The research, detailed in reports from February 2026, challenges long-held assumptions about the benefits of ICDs in this patient population. Traditionally, ICDs have been used to prevent sudden cardiac death by delivering an electrical shock to restore a normal heart rhythm. Although, the Mayo Clinic study suggests that this intervention may not translate into extended lifespans for individuals with ATTR-CM.
Cardiac amyloidosis occurs when abnormal proteins, specifically amyloid fibrils, deposit in the heart, causing the organ to stiffen and impair its ability to function properly. ATTR-CM is a subtype of this condition caused by the misfolding of the transthyretin protein. The condition is believed to affect between 50,000 and 150,000 Americans, according to recent reports.

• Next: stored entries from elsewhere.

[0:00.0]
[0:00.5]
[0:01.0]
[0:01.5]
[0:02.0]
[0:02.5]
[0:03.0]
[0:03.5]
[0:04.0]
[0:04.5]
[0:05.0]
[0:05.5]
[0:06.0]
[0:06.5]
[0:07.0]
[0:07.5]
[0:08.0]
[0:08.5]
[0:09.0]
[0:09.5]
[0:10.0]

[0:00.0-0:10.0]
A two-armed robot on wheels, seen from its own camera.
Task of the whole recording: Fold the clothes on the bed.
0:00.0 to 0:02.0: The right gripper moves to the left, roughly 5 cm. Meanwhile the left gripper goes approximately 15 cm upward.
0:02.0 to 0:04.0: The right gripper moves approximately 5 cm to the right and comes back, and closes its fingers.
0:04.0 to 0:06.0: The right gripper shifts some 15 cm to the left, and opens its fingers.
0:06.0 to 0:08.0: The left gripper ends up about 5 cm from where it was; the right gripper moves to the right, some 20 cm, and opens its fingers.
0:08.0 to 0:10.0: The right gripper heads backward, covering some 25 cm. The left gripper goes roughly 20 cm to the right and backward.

The findings come as the therapeutic landscape for cardiac amyloidosis is rapidly evolving. Advances in diagnosis and treatment are offering new hope to patients, with the potential to transform the condition from a terminal diagnosis to a manageable chronic illness, according to a report published in the Journal of the American College of Cardiology. New therapies are focused on stabilizing the transthyretin protein and preventing further amyloid deposition.

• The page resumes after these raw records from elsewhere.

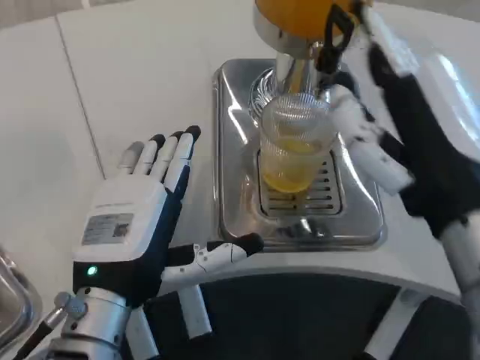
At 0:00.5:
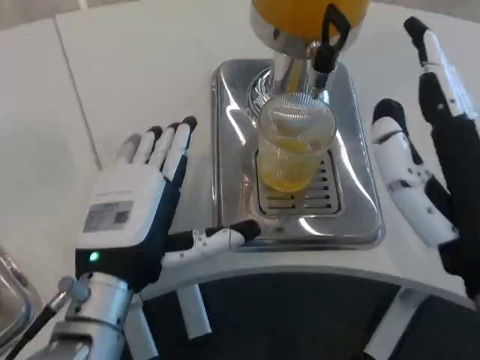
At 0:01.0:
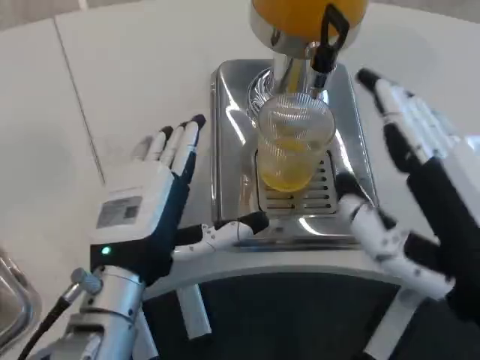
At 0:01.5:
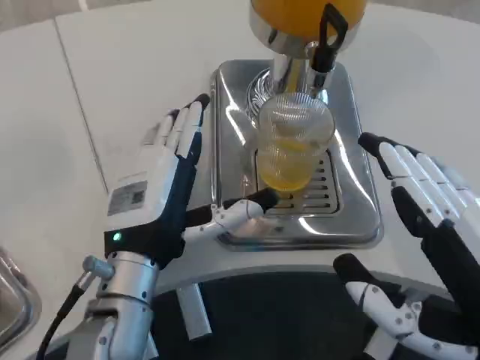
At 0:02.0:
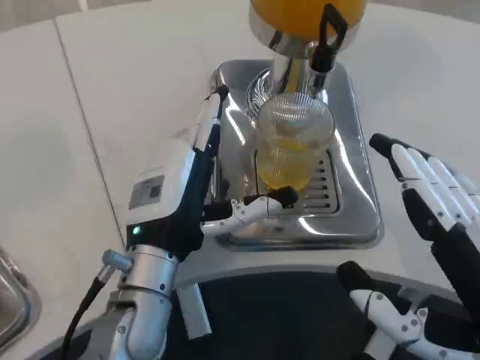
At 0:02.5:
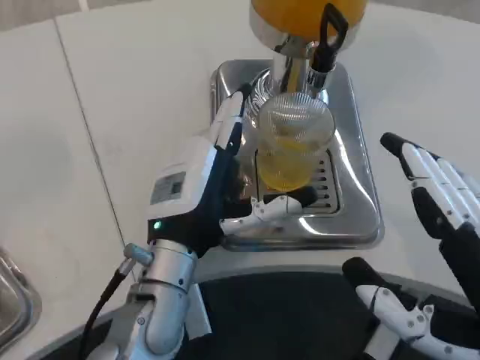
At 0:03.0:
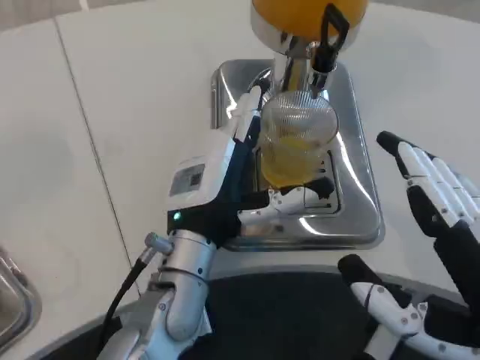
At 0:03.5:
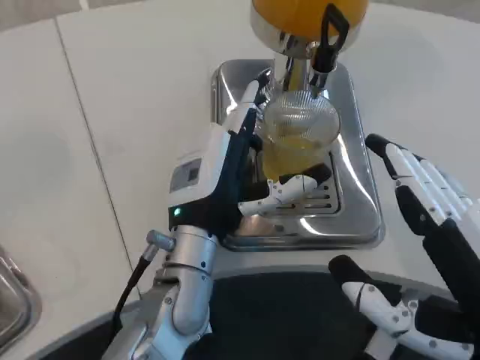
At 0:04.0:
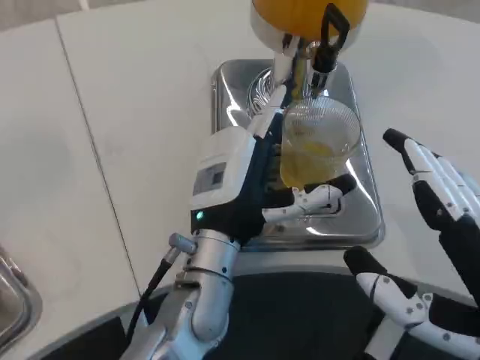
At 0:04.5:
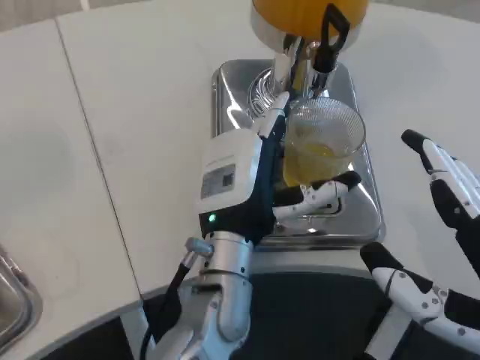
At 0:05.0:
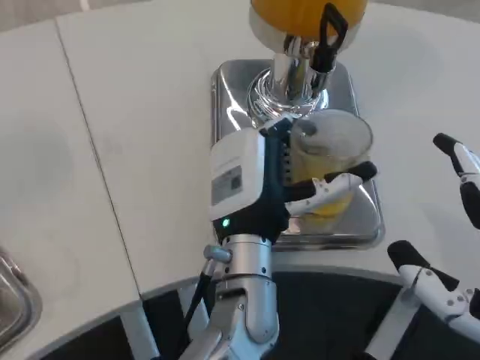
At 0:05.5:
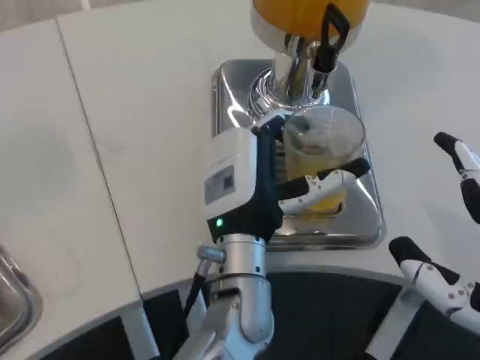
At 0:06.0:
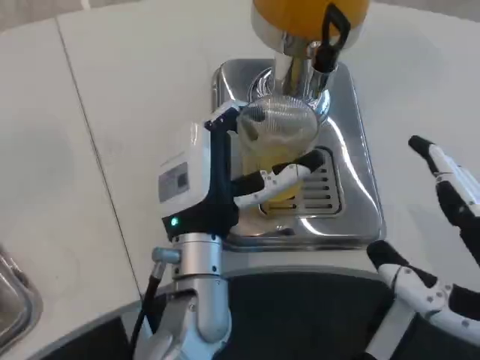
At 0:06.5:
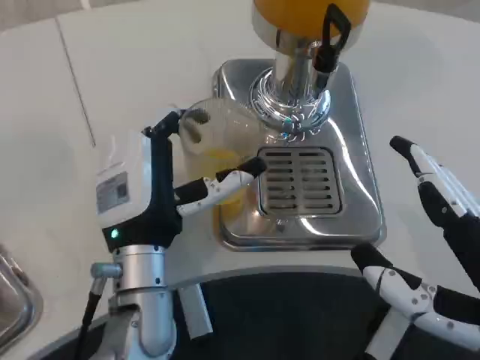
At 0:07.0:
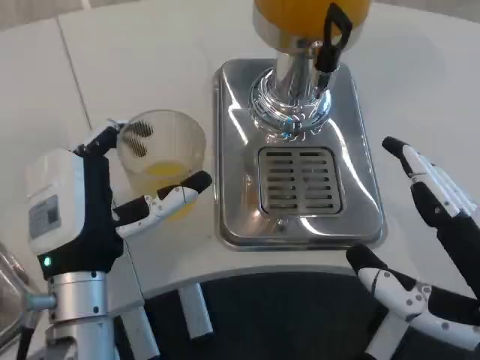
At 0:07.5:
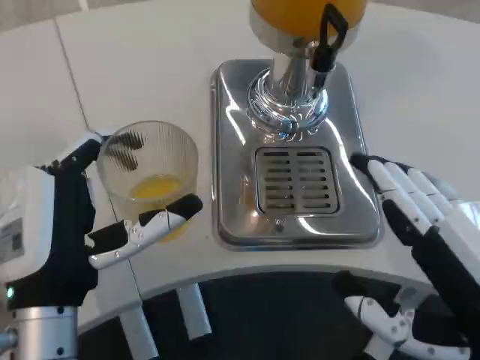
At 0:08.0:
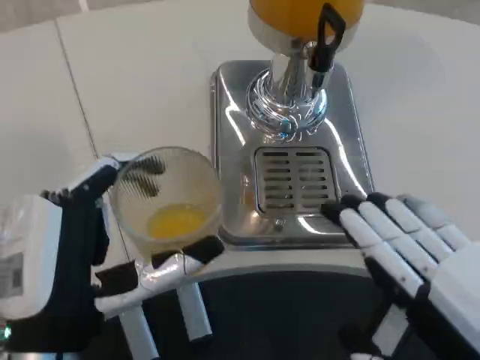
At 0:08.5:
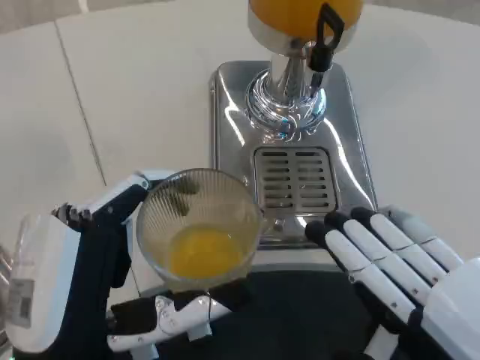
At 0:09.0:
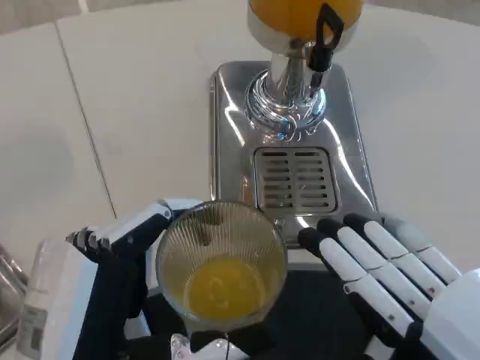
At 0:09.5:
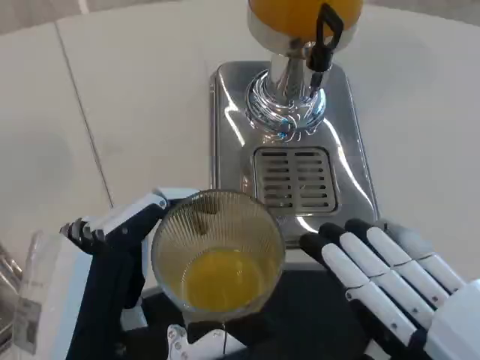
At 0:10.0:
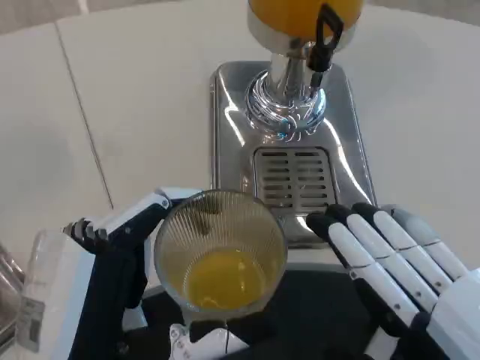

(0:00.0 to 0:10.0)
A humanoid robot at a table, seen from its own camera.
Task of the whole recording: Grasp the cup under the faucet to collect the drink, then remove the cup.
0:00.0 - 0:02.0: The left hand travels forward by some 5 cm. Meanwhile the right hand heads backward, covering roughly 10 cm.
0:02.0 - 0:04.0: The left hand shifts roughly 5 cm to the right.
0:06.0 - 0:08.0: The left hand is displaced backward and to the left by roughly 15 cm.

The MedStar Heart & Vascular Institute is among the institutions offering these advanced treatments, aiming to improve both the quality of life and longevity for patients with ATTR-CM. These therapies represent a shift in approach, moving beyond symptom management to address the underlying cause of the disease. However, the role of ICDs in this new paradigm remains unclear following the Mayo Clinic’s recent findings.

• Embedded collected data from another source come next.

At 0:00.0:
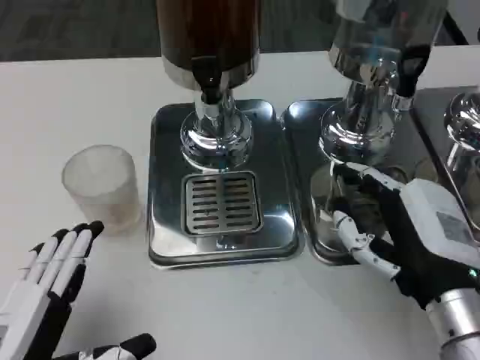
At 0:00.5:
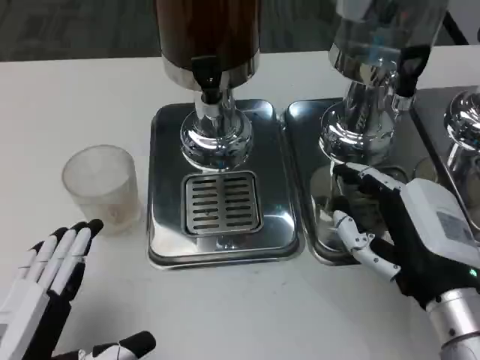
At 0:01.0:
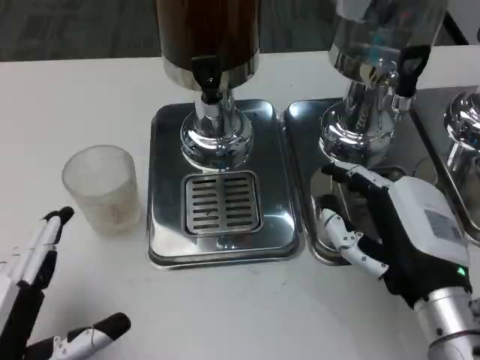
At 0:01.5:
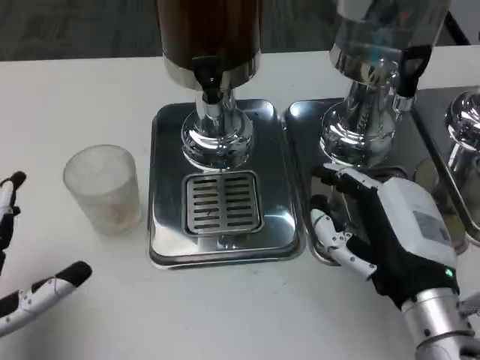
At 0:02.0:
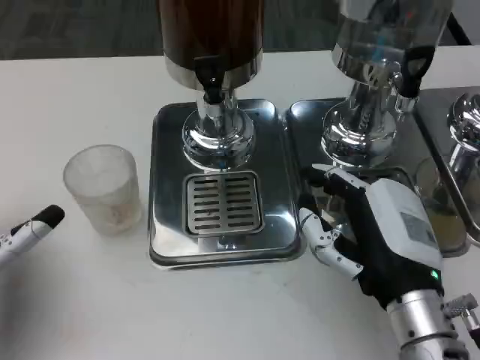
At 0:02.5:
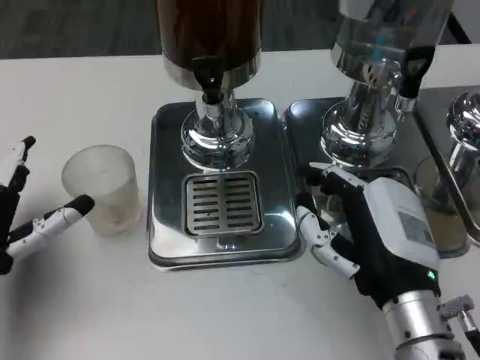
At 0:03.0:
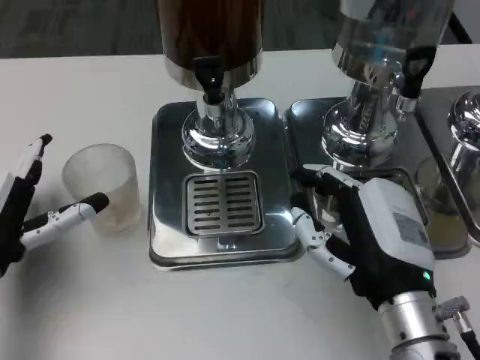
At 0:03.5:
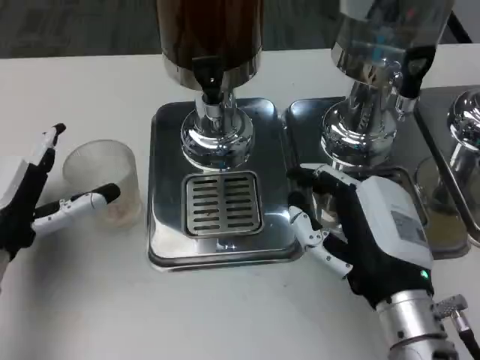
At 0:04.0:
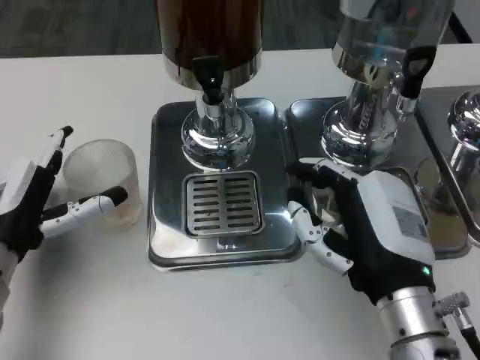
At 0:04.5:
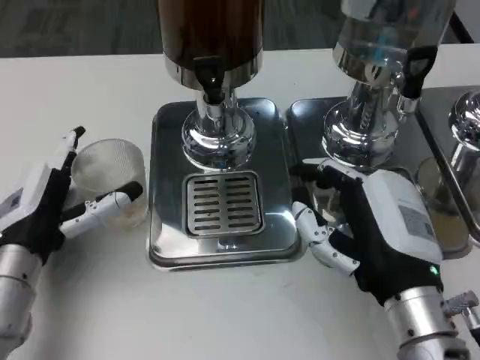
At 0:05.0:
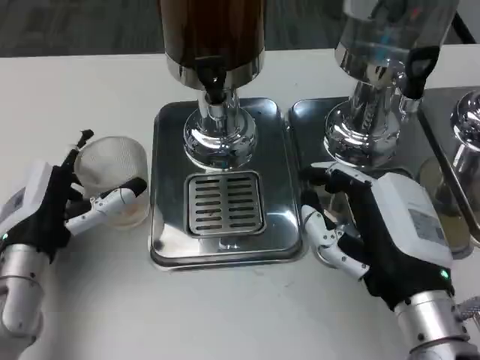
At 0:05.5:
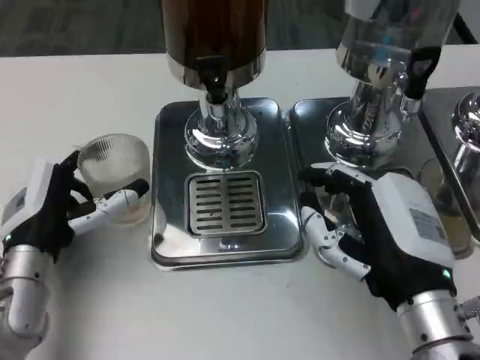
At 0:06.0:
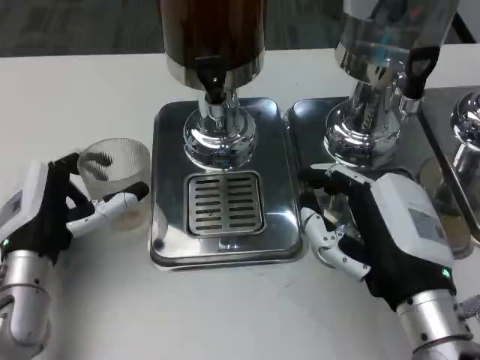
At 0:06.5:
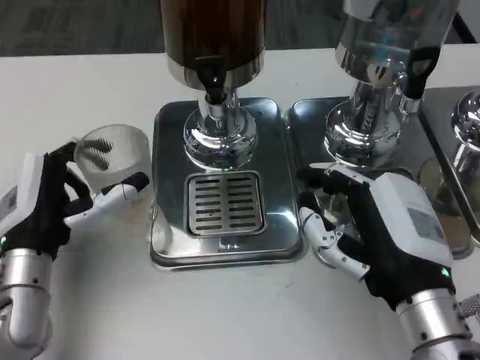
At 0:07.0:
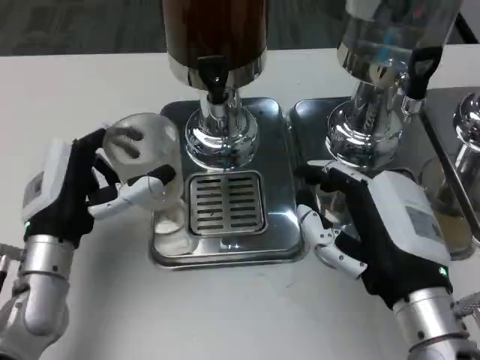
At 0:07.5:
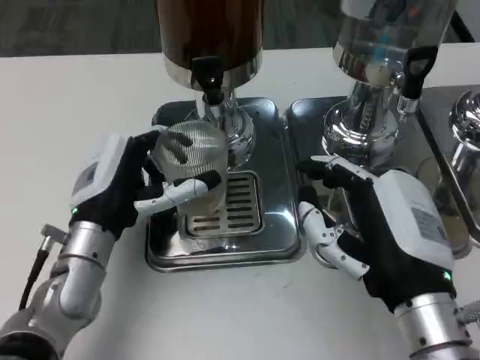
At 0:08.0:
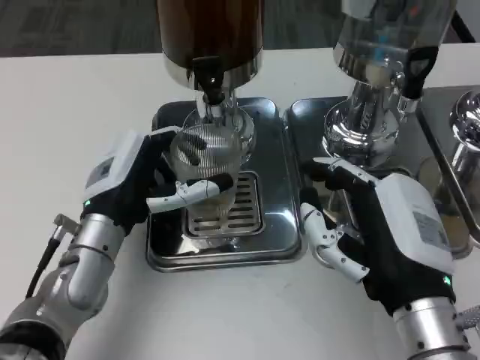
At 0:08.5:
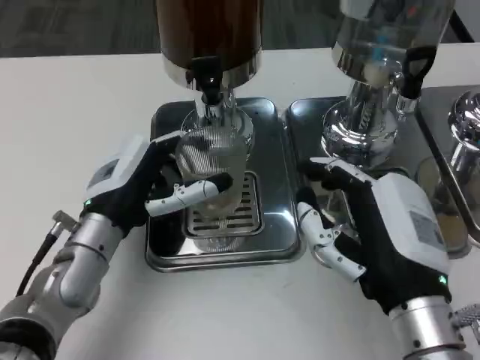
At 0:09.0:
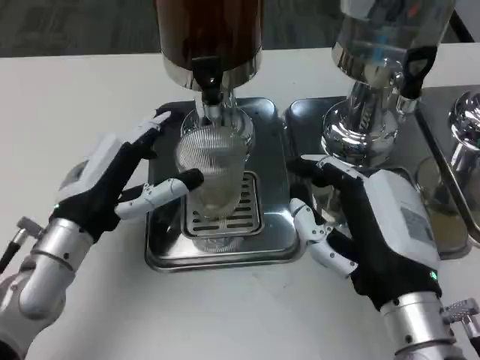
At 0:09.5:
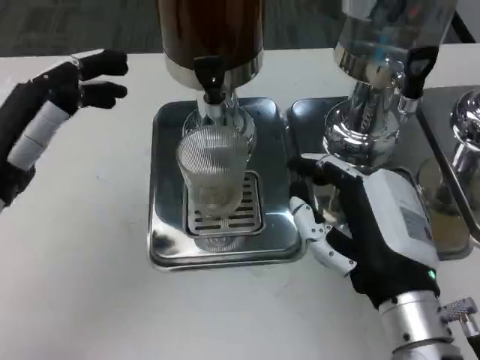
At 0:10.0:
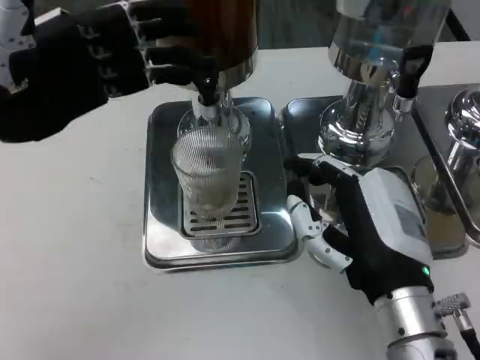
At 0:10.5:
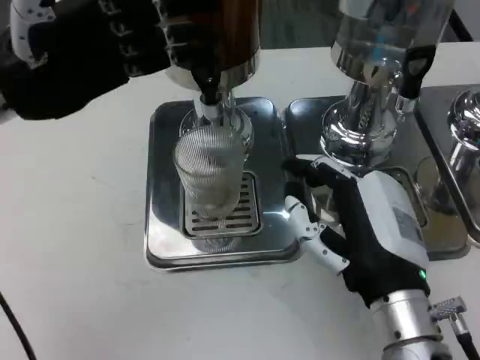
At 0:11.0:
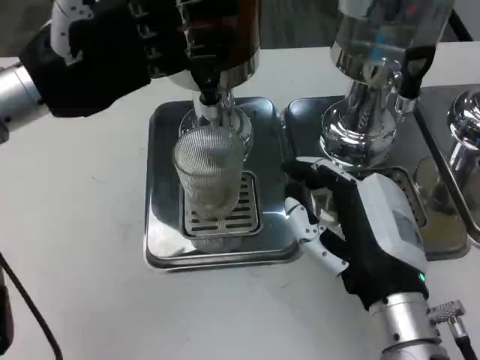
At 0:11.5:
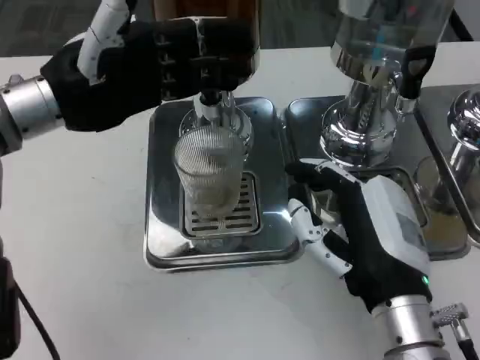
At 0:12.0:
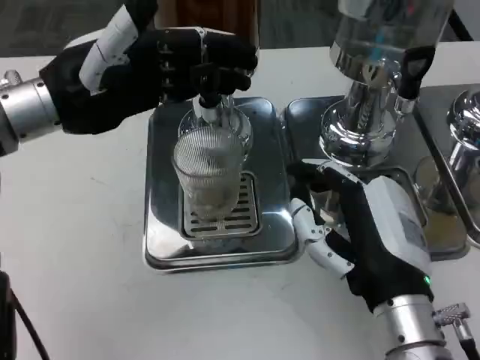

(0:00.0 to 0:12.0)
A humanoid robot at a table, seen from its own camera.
Task of the whole recording: Grasp the cup under the faucet to collect the drink, then remove the cup.
0:00.0 - 0:02.0: The left hand heads forward and to the left, covering some 10 cm.
0:02.0 - 0:04.0: The left hand goes roughly 5 cm forward.
0:06.0 - 0:08.0: The left hand moves to the right, some 5 cm.
0:08.0 - 0:10.0: The left hand heads upward and to the left, covering some 20 cm.
0:10.0 - 0:12.0: The left hand moves approximately 5 cm.

Researchers at the Scuola Superiore Sant’Anna in Pisa, Italy, have been actively involved in innovations in the diagnosis and treatment of cardiac amyloidosis, but have not yet commented on the implications of the Mayo Clinic study. Further research is needed to determine the optimal treatment strategies for patients with ATTR-CM, and whether ICDs should continue to be a standard component of care.